= WHAT YOU WILL DO =
Lines containing the word "percussion" are the ones to copy from the records below.
───── DATA EXTRACT
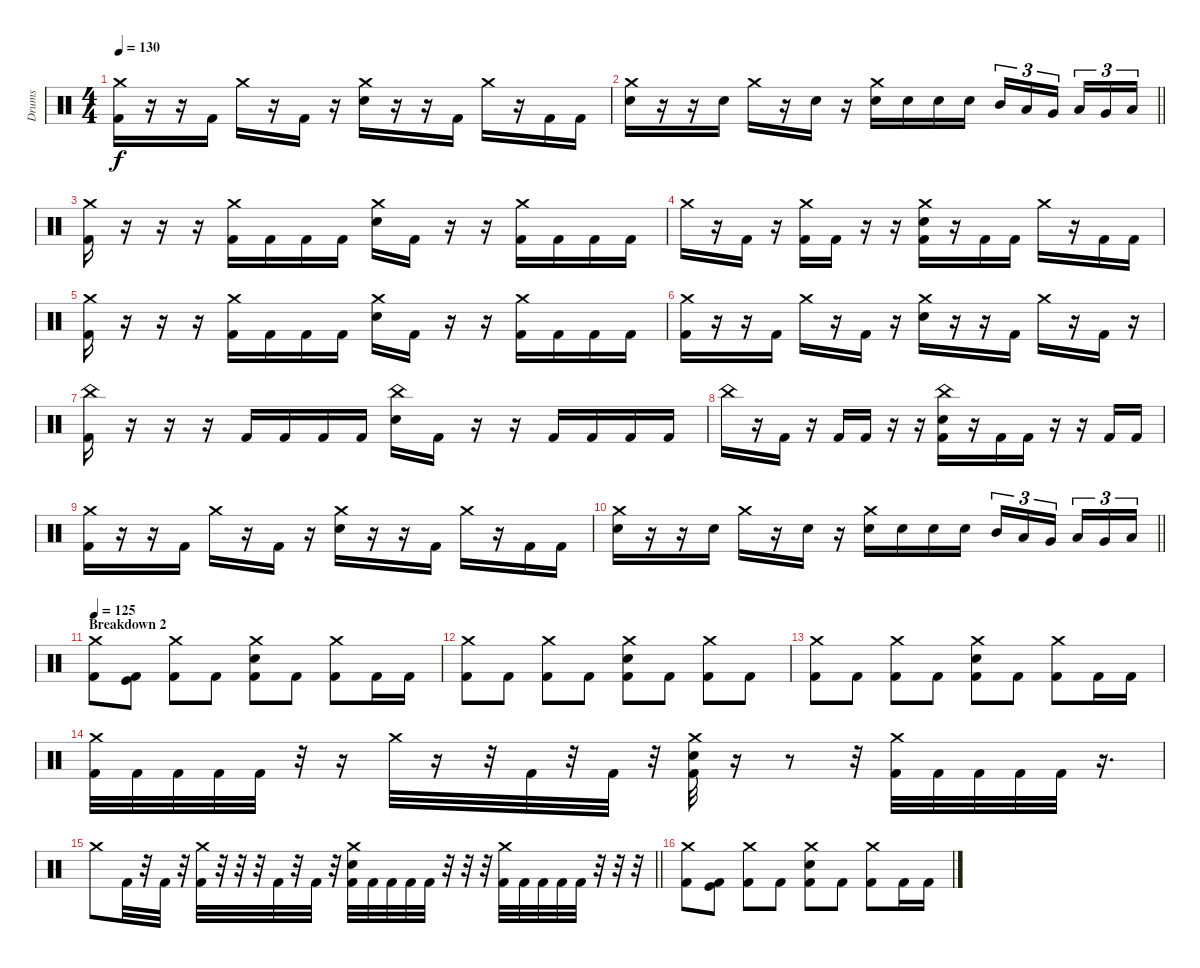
\track ("Drums" "Drums") {instrument percussion}
\staff {score}
\articulation defaults
\ts (4 4)
\tempo 130
\clef neutral
\ks c
("Crash medium (hit)" "Kick (hit) 2").16{dy f} r.16 r.16 "Kick (hit) 2".16 "Crash medium (hit)".16 r.16 "Kick (hit) 2".16 r.16 ("Crash medium (hit)" "Electric Snare (hit)").16 r.16 r.16 "Kick (hit) 2".16 "Crash medium (hit)".16 r.16 "Kick (hit) 2".16 "Kick (hit) 2".16 |
\barLineRight lightlight
("Crash medium (hit)" "Electric Snare (hit)").16 r.16 r.16 "Electric Snare (hit)".16 "Crash medium (hit)".16 r.16 "Electric Snare (hit)".16 r.16 ("Crash medium (hit)" "Electric Snare (hit)").16 "Electric Snare (hit)".16 "Electric Snare (hit)".16 "Electric Snare (hit)".16 "Mid Tom (hit)".16{tu (3 2)} "Low Tom (hit)".16{tu (3 2)} "Very Low Tom (hit)".16{tu (3 2) beam splitsecondary} "Low Tom (hit)".16{tu (3 2)} "Very Low Tom (hit)".16{tu (3 2)} "Low Floor Tom (hit)".16{tu (3 2)} |
\section ("" "")
("Crash medium (hit)" "Kick (hit) 2").16 r.16 r.16 r.16 ("Crash medium (hit)" "Kick (hit) 2").16 "Kick (hit) 2".16 "Kick (hit) 2".16 "Kick (hit) 2".16 ("Crash medium (hit)" "Electric Snare (hit)").16 "Kick (hit) 2".16 r.16 r.16 ("Crash medium (hit)" "Kick (hit) 2").16 "Kick (hit) 2".16 "Kick (hit) 2".16 "Kick (hit) 2".16 |
"Crash medium (hit)".16 r.16 "Kick (hit) 2".16 r.16 ("Crash medium (hit)" "Kick (hit) 2").16 "Kick (hit) 2".16 r.16 r.16 ("Crash medium (hit)" "Electric Snare (hit)" "Kick (hit) 2").16 r.16 "Kick (hit) 2".16 "Kick (hit) 2".16 "Crash medium (hit)".16 r.16 "Kick (hit) 2".16 "Kick (hit) 2".16 |
("Crash medium (hit)" "Kick (hit) 2").16 r.16 r.16 r.16 ("Crash medium (hit)" "Kick (hit) 2").16 "Kick (hit) 2".16 "Kick (hit) 2".16 "Kick (hit) 2".16 ("Crash medium (hit)" "Electric Snare (hit)").16 "Kick (hit) 2".16 r.16 r.16 ("Crash medium (hit)" "Kick (hit) 2").16 "Kick (hit) 2".16 "Kick (hit) 2".16 "Kick (hit) 2".16 |
("Crash medium (hit)" "Kick (hit) 2").16 r.16 r.16 "Kick (hit) 2".16 "Crash medium (hit)".16 r.16 "Kick (hit) 2".16 r.16 ("Crash medium (hit)" "Electric Snare (hit)").16 r.16 r.16 "Kick (hit) 2".16 "Crash medium (hit)".16 r.16 "Kick (hit) 2".16 r.16 |
("China (hit)" "Kick (hit) 2").16 r.16 r.16 r.16 "Kick (hit) 2".16 "Kick (hit) 2".16 "Kick (hit) 2".16 "Kick (hit) 2".16 ("China (hit)" "Electric Snare (hit)").16 "Kick (hit) 2".16 r.16 r.16 "Kick (hit) 2".16 "Kick (hit) 2".16 "Kick (hit) 2".16 "Kick (hit) 2".16 |
"China (hit)".16 r.16 "Kick (hit) 2".16 r.16 "Kick (hit) 2".16 "Kick (hit) 2".16 r.16 r.16 ("China (hit)" "Electric Snare (hit)" "Kick (hit) 2").16 r.16 "Kick (hit) 2".16 "Kick (hit) 2".16 r.16 r.16 "Kick (hit) 2".16 "Kick (hit) 2".16 |
("Crash medium (hit)" "Kick (hit) 2").16 r.16 r.16 "Kick (hit) 2".16 "Crash medium (hit)".16 r.16 "Kick (hit) 2".16 r.16 ("Crash medium (hit)" "Electric Snare (hit)").16 r.16 r.16 "Kick (hit) 2".16 "Crash medium (hit)".16 r.16 "Kick (hit) 2".16 "Kick (hit) 2".16 |
\barLineRight lightlight
("Crash medium (hit)" "Electric Snare (hit)").16 r.16 r.16 "Electric Snare (hit)".16 "Crash medium (hit)".16 r.16 "Electric Snare (hit)".16 r.16 ("Crash medium (hit)" "Electric Snare (hit)").16 "Electric Snare (hit)".16 "Electric Snare (hit)".16 "Electric Snare (hit)".16 "Mid Tom (hit)".16{tu (3 2)} "Low Tom (hit)".16{tu (3 2)} "Very Low Tom (hit)".16{tu (3 2) beam splitsecondary} "Low Tom (hit)".16{tu (3 2)} "Very Low Tom (hit)".16{tu (3 2)} "Low Floor Tom (hit)".16{tu (3 2)} |
\section ("" "Breakdown 2")
\tempo 125
("Crash medium (hit)" "Kick (hit) 2").8 ("Kick (hit)" "Kick (hit) 2").8 ("Crash medium (hit)" "Kick (hit) 2").8 "Kick (hit) 2".8 ("Crash medium (hit)" "Electric Snare (hit)" "Kick (hit) 2").8 "Kick (hit) 2".8 ("Crash medium (hit)" "Kick (hit) 2").8 "Kick (hit) 2".16 "Kick (hit) 2".16 |
("Crash medium (hit)" "Kick (hit) 2").8 "Kick (hit) 2".8 ("Crash medium (hit)" "Kick (hit) 2").8 "Kick (hit) 2".8 ("Crash medium (hit)" "Electric Snare (hit)" "Kick (hit) 2").8 "Kick (hit) 2".8 ("Crash medium (hit)" "Kick (hit) 2").8 "Kick (hit) 2".8 |
("Crash medium (hit)" "Kick (hit) 2").8 "Kick (hit) 2".8 ("Crash medium (hit)" "Kick (hit) 2").8 "Kick (hit) 2".8 ("Crash medium (hit)" "Electric Snare (hit)" "Kick (hit) 2").8 "Kick (hit) 2".8 ("Crash medium (hit)" "Kick (hit) 2").8 "Kick (hit) 2".16 "Kick (hit) 2".16 |
("Crash medium (hit)" "Kick (hit) 2").32 "Kick (hit) 2".32 "Kick (hit) 2".32 "Kick (hit) 2".32 "Kick (hit) 2".32 r.32 r.16 "Crash medium (hit)".32 r.16 r.32 "Kick (hit) 2".32 r.32 "Kick (hit) 2".32 r.32 ("Crash medium (hit)" "Electric Snare (hit)" "Kick (hit) 2").32 r.16 r.8 r.32 ("Crash medium (hit)" "Kick (hit) 2").32 "Kick (hit) 2".32 "Kick (hit) 2".32 "Kick (hit) 2".32 "Kick (hit) 2".32 r.16{d} |
\barLineRight lightlight "Crash medium (hit)".8 "Kick (hit) 2".32
r.32 "Kick (hit) 2".32 r.32 ("Crash medium (hit)" "Kick (hit) 2").32 r.32 r.32 r.32 "Kick (hit) 2".32 r.32 "Kick (hit) 2".32 r.32 ("Crash medium (hit)" "Electric Snare (hit)" "Kick (hit) 2").32 "Kick (hit) 2".32 "Kick (hit) 2".32 "Kick (hit) 2".32 "Kick (hit) 2".32 r.32 r.32 r.32 ("Crash medium (hit)" "Kick (hit) 2").32 "Kick (hit) 2".32 "Kick (hit) 2".32 "Kick (hit) 2".32 "Kick (hit) 2".32 r.32 r.32 r.32 |
\section ("" "")
("Crash medium (hit)" "Kick (hit) 2").8 ("Kick (hit)" "Kick (hit) 2").8 ("Crash medium (hit)" "Kick (hit) 2").8 "Kick (hit) 2".8 ("Crash medium (hit)" "Electric Snare (hit)" "Kick (hit) 2").8 "Kick (hit) 2".8 ("Crash medium (hit)" "Kick (hit) 2").8 "Kick (hit) 2".16 "Kick (hit) 2".16
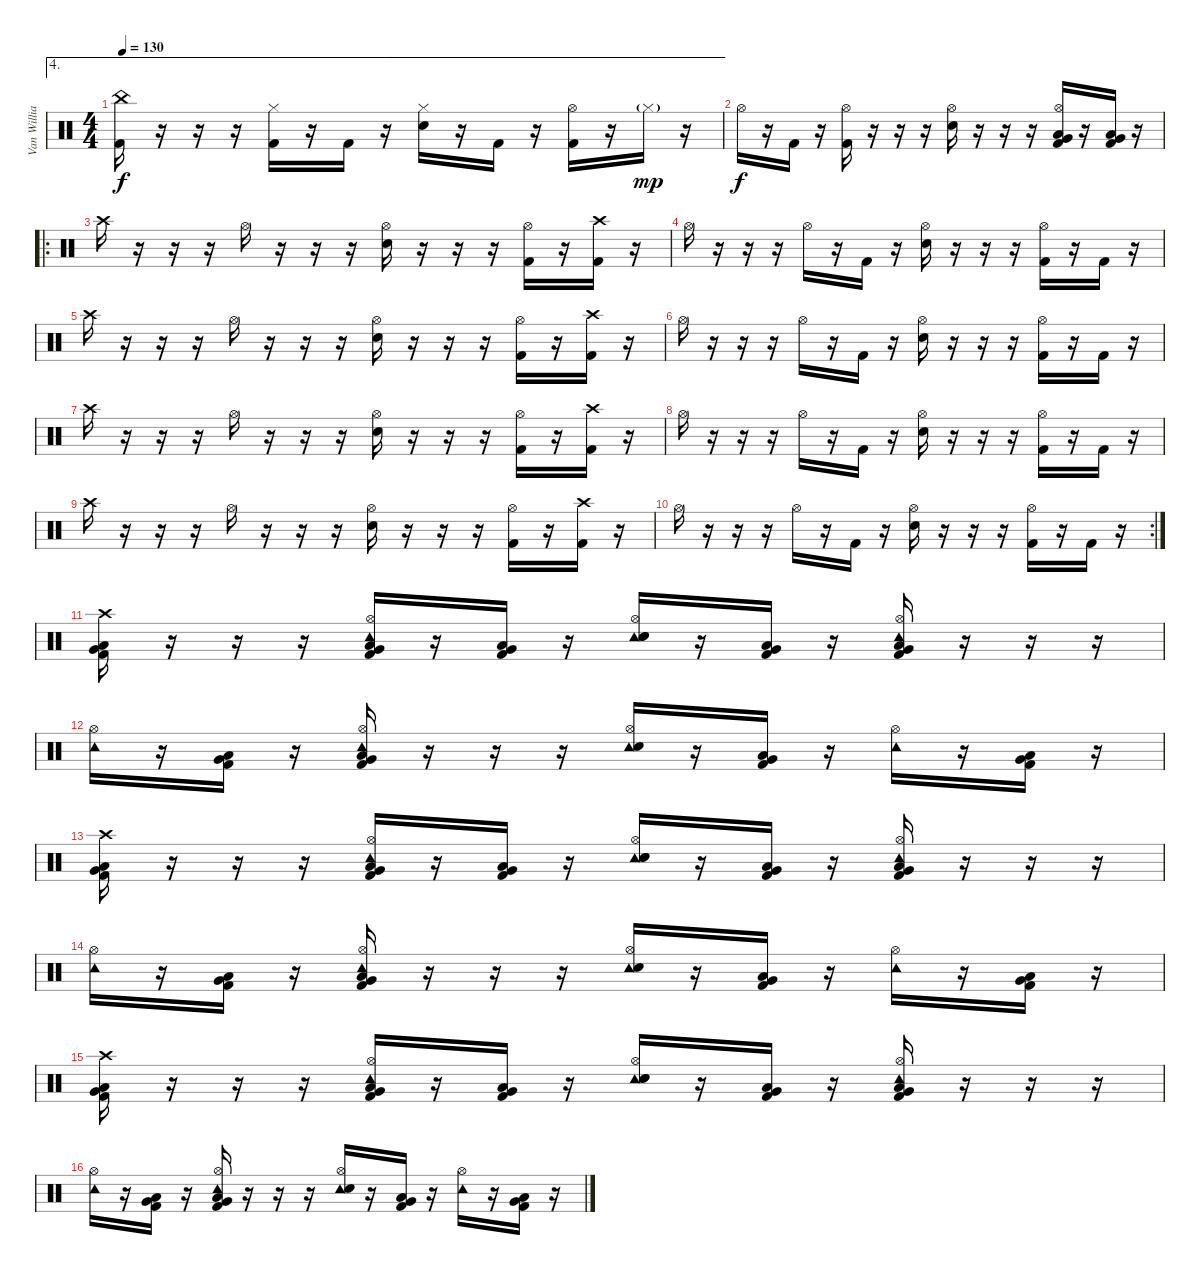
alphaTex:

\track ("Van Williams" "Van Willia") {instrument percussion}
\staff {score}
\articulation defaults
\ae 4
\ts (4 4)
\tempo 130
\clef neutral
\ks c
("China (hit)" "Kick (hit) 2").16{dy f} r.16 r.16 r.16 ("Hi-Hat (closed)" "Kick (hit) 2").16 r.16 "Kick (hit) 2".16 r.16 ("Hi-Hat (closed)" "Electric Snare (hit)").16 r.16 "Kick (hit) 2".16 r.16 ("Hi-Hat (open)" "Kick (hit) 2").16 r.16 "Hi-Hat (closed)"{g}.16{dy mp} r.16 |
"Hi-Hat (open)".16{dy f} r.16 "Kick (hit) 2".16 r.16 ("Hi-Hat (open)" "Kick (hit) 2").16 r.16 r.16 r.16 ("Hi-Hat (open)" "Electric Snare (hit)").16 r.16 r.16 r.16 ("Hi-Hat (open)" "Kick (hit) 2" "Very Low Tom (hit)" "Low Floor Tom (hit)").16 r.16 ("Kick (hit) 2" "Very Low Tom (hit)" "Low Floor Tom (hit)").16 r.16 |
\ro "Crash high (hit)".16
r.16 r.16 r.16 "Hi-Hat (open)".16 r.16 r.16 r.16 ("Hi-Hat (open)" "Electric Snare (hit)").16 r.16 r.16 r.16 ("Hi-Hat (open)" "Kick (hit) 2").16 r.16 ("Crash high (hit)" "Kick (hit) 2").16 r.16 |
"Hi-Hat (open)".16 r.16 r.16 r.16 "Hi-Hat (open)".16 r.16 "Kick (hit) 2".16 r.16 ("Hi-Hat (open)" "Electric Snare (hit)").16 r.16 r.16 r.16 ("Hi-Hat (open)" "Kick (hit) 2").16 r.16 "Kick (hit) 2".16 r.16 |
"Crash high (hit)".16 r.16 r.16 r.16 "Hi-Hat (open)".16 r.16 r.16 r.16 ("Hi-Hat (open)" "Electric Snare (hit)").16 r.16 r.16 r.16 ("Hi-Hat (open)" "Kick (hit) 2").16 r.16 ("Crash high (hit)" "Kick (hit) 2").16 r.16 |
"Hi-Hat (open)".16 r.16 r.16 r.16 "Hi-Hat (open)".16 r.16 "Kick (hit) 2".16 r.16 ("Hi-Hat (open)" "Electric Snare (hit)").16 r.16 r.16 r.16 ("Hi-Hat (open)" "Kick (hit) 2").16 r.16 "Kick (hit) 2".16 r.16 |
"Crash high (hit)".16 r.16 r.16 r.16 "Hi-Hat (open)".16 r.16 r.16 r.16 ("Hi-Hat (open)" "Electric Snare (hit)").16 r.16 r.16 r.16 ("Hi-Hat (open)" "Kick (hit) 2").16 r.16 ("Crash high (hit)" "Kick (hit) 2").16 r.16 |
"Hi-Hat (open)".16 r.16 r.16 r.16 "Hi-Hat (open)".16 r.16 "Kick (hit) 2".16 r.16 ("Hi-Hat (open)" "Electric Snare (hit)").16 r.16 r.16 r.16 ("Hi-Hat (open)" "Kick (hit) 2").16 r.16 "Kick (hit) 2".16 r.16 |
"Crash high (hit)".16 r.16 r.16 r.16 "Hi-Hat (open)".16 r.16 r.16 r.16 ("Hi-Hat (open)" "Electric Snare (hit)").16 r.16 r.16 r.16 ("Hi-Hat (open)" "Kick (hit) 2").16 r.16 ("Crash high (hit)" "Kick (hit) 2").16 r.16 |
\rc 2 "Hi-Hat (open)".16
r.16 r.16 r.16 "Hi-Hat (open)".16 r.16 "Kick (hit) 2".16 r.16 ("Hi-Hat (open)" "Electric Snare (hit)").16 r.16 r.16 r.16 ("Hi-Hat (open)" "Kick (hit) 2").16 r.16 "Kick (hit) 2".16 r.16 |
("Crash high (hit)" "Kick (hit) 2" "Very Low Tom (hit)" "Low Floor Tom (hit)").16 r.16 r.16 r.16 ("Tambourine (hit)" "Hi-Hat (open)" "Kick (hit) 2" "Very Low Tom (hit)" "Low Floor Tom (hit)").16 r.16 ("Kick (hit) 2" "Very Low Tom (hit)" "Low Floor Tom (hit)").16 r.16 ("Tambourine (hit)" "Hi-Hat (open)" "Electric Snare (hit)" "Electric Snare (hit)").16 r.16 ("Kick (hit) 2" "Very Low Tom (hit)" "Low Floor Tom (hit)").16 r.16 ("Tambourine (hit)" "Hi-Hat (open)" "Kick (hit) 2" "Very Low Tom (hit)" "Low Floor Tom (hit)").16 r.16 r.16 r.16 |
("Tambourine (hit)" "Hi-Hat (open)").16 r.16 ("Kick (hit) 2" "Very Low Tom (hit)" "Low Floor Tom (hit)").16 r.16 ("Tambourine (hit)" "Hi-Hat (open)" "Kick (hit) 2" "Very Low Tom (hit)" "Low Floor Tom (hit)").16 r.16 r.16 r.16 ("Tambourine (hit)" "Hi-Hat (open)" "Electric Snare (hit)").16 r.16 ("Kick (hit) 2" "Very Low Tom (hit)" "Low Floor Tom (hit)").16 r.16 ("Tambourine (hit)" "Hi-Hat (open)").16 r.16 ("Kick (hit) 2" "Very Low Tom (hit)" "Low Floor Tom (hit)").16 r.16 |
("Crash high (hit)" "Kick (hit) 2" "Very Low Tom (hit)" "Low Floor Tom (hit)").16 r.16 r.16 r.16 ("Tambourine (hit)" "Hi-Hat (open)" "Kick (hit) 2" "Very Low Tom (hit)" "Low Floor Tom (hit)").16 r.16 ("Kick (hit) 2" "Very Low Tom (hit)" "Low Floor Tom (hit)").16 r.16 ("Tambourine (hit)" "Hi-Hat (open)" "Electric Snare (hit)" "Electric Snare (hit)").16 r.16 ("Kick (hit) 2" "Very Low Tom (hit)" "Low Floor Tom (hit)").16 r.16 ("Tambourine (hit)" "Hi-Hat (open)" "Kick (hit) 2" "Very Low Tom (hit)" "Low Floor Tom (hit)").16 r.16 r.16 r.16 |
("Tambourine (hit)" "Hi-Hat (open)").16 r.16 ("Kick (hit) 2" "Very Low Tom (hit)" "Low Floor Tom (hit)").16 r.16 ("Tambourine (hit)" "Hi-Hat (open)" "Kick (hit) 2" "Very Low Tom (hit)" "Low Floor Tom (hit)").16 r.16 r.16 r.16 ("Tambourine (hit)" "Hi-Hat (open)" "Electric Snare (hit)").16 r.16 ("Kick (hit) 2" "Very Low Tom (hit)" "Low Floor Tom (hit)").16 r.16 ("Tambourine (hit)" "Hi-Hat (open)").16 r.16 ("Kick (hit) 2" "Very Low Tom (hit)" "Low Floor Tom (hit)").16 r.16 |
("Crash high (hit)" "Kick (hit) 2" "Very Low Tom (hit)" "Low Floor Tom (hit)").16 r.16 r.16 r.16 ("Tambourine (hit)" "Hi-Hat (open)" "Kick (hit) 2" "Very Low Tom (hit)" "Low Floor Tom (hit)").16 r.16 ("Kick (hit) 2" "Very Low Tom (hit)" "Low Floor Tom (hit)").16 r.16 ("Tambourine (hit)" "Hi-Hat (open)" "Electric Snare (hit)" "Electric Snare (hit)").16 r.16 ("Kick (hit) 2" "Very Low Tom (hit)" "Low Floor Tom (hit)").16 r.16 ("Tambourine (hit)" "Hi-Hat (open)" "Kick (hit) 2" "Very Low Tom (hit)" "Low Floor Tom (hit)").16 r.16 r.16 r.16 |
("Tambourine (hit)" "Hi-Hat (open)").16 r.16 ("Kick (hit) 2" "Very Low Tom (hit)" "Low Floor Tom (hit)").16 r.16 ("Tambourine (hit)" "Hi-Hat (open)" "Kick (hit) 2" "Very Low Tom (hit)" "Low Floor Tom (hit)").16 r.16 r.16 r.16 ("Tambourine (hit)" "Hi-Hat (open)" "Electric Snare (hit)").16 r.16 ("Kick (hit) 2" "Very Low Tom (hit)" "Low Floor Tom (hit)").16 r.16 ("Tambourine (hit)" "Hi-Hat (open)").16 r.16 ("Kick (hit) 2" "Very Low Tom (hit)" "Low Floor Tom (hit)").16 r.16
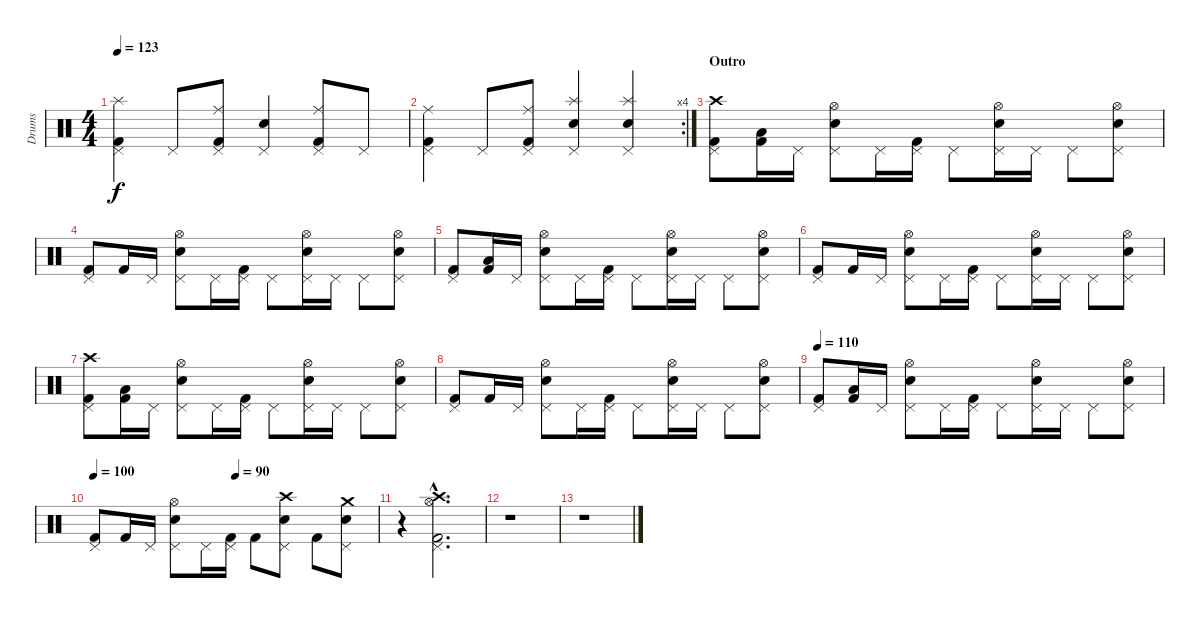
──────────
= ANSWER TO THE PROBLEM =
\track ("Drums" "Drums") {instrument percussion}
\track ("Van Williams" "Van Willia") {instrument percussion}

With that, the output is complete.